◆ **Material for the task**
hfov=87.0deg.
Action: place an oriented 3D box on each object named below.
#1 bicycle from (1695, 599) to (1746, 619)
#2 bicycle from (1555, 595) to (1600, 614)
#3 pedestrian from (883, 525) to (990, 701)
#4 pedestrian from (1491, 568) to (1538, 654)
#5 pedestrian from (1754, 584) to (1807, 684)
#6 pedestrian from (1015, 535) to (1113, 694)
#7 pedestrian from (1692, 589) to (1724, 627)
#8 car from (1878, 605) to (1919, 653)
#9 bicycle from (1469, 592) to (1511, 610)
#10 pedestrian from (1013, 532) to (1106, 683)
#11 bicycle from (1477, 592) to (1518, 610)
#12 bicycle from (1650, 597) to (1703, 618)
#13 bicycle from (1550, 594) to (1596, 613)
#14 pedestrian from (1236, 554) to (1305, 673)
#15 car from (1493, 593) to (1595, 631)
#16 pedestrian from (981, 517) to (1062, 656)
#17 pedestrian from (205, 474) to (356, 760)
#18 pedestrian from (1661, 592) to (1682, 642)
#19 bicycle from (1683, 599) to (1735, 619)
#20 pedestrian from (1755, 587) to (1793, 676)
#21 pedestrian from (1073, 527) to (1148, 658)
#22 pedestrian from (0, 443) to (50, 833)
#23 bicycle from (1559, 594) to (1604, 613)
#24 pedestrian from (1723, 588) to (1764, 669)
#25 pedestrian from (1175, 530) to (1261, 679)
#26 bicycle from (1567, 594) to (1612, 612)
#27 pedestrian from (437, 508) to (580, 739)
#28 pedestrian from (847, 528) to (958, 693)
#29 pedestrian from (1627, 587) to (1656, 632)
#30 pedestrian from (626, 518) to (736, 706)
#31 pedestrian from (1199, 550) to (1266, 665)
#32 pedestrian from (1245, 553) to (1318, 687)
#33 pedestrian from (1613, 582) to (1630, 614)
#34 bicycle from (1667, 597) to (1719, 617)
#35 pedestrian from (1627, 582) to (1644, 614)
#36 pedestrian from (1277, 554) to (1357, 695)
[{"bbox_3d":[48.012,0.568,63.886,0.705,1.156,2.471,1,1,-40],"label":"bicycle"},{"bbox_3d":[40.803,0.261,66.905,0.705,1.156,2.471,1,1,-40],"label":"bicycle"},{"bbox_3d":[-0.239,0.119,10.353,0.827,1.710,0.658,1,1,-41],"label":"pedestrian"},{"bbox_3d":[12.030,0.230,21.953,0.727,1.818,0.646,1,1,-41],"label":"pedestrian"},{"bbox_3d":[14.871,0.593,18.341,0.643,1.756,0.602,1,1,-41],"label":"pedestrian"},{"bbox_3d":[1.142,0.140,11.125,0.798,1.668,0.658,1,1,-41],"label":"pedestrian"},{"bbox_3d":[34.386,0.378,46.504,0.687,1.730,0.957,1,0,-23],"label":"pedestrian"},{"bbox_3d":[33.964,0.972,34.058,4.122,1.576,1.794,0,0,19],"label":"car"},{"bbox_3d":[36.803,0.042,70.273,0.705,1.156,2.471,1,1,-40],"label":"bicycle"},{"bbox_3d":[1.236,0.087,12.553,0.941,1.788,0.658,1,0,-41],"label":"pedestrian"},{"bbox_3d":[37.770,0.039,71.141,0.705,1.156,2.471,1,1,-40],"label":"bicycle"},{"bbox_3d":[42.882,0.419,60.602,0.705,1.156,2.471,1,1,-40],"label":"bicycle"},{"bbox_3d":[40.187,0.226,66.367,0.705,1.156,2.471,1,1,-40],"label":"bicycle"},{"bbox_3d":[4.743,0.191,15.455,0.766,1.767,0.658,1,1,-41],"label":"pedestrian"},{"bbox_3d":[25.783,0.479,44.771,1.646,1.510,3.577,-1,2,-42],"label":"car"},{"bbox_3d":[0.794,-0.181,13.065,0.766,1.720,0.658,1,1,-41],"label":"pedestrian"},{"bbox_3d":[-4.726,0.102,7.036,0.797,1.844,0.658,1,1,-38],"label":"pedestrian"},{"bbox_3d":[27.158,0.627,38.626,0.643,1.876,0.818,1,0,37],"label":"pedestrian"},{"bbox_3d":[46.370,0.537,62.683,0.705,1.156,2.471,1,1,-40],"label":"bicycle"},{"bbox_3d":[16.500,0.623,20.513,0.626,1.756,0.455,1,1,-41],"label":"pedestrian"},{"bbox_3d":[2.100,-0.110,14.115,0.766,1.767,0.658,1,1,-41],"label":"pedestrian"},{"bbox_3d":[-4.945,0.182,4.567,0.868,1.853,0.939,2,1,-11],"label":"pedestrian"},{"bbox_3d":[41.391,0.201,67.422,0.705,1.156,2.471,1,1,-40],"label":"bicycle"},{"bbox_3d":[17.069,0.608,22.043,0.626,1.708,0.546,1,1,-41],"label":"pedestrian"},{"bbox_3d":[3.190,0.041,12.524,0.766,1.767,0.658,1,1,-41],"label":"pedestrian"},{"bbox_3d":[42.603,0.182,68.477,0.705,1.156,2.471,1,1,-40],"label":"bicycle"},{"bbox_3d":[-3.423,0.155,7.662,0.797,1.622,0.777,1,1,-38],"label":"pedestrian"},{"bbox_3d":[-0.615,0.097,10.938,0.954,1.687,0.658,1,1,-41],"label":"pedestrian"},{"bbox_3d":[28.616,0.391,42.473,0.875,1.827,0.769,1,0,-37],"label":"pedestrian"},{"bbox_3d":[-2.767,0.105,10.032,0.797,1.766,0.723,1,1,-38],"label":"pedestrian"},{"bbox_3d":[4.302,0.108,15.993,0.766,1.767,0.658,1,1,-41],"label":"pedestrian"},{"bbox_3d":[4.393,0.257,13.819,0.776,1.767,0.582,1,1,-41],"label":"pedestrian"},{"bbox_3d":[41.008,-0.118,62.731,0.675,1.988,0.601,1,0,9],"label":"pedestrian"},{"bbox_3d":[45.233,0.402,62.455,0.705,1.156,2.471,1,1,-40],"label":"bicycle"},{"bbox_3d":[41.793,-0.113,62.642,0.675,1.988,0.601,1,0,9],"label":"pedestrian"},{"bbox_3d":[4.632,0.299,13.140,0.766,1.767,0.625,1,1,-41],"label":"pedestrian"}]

◆ **Task directions**
Return a word-for-word copy of the lines above from the one holding "#28 pedestrian from (847, 528) to (958, 693)" through the one holding "#35 pedestrian from", with both of them included and nothing besides.

◆ **Result for this task**
#28 pedestrian from (847, 528) to (958, 693)
#29 pedestrian from (1627, 587) to (1656, 632)
#30 pedestrian from (626, 518) to (736, 706)
#31 pedestrian from (1199, 550) to (1266, 665)
#32 pedestrian from (1245, 553) to (1318, 687)
#33 pedestrian from (1613, 582) to (1630, 614)
#34 bicycle from (1667, 597) to (1719, 617)
#35 pedestrian from (1627, 582) to (1644, 614)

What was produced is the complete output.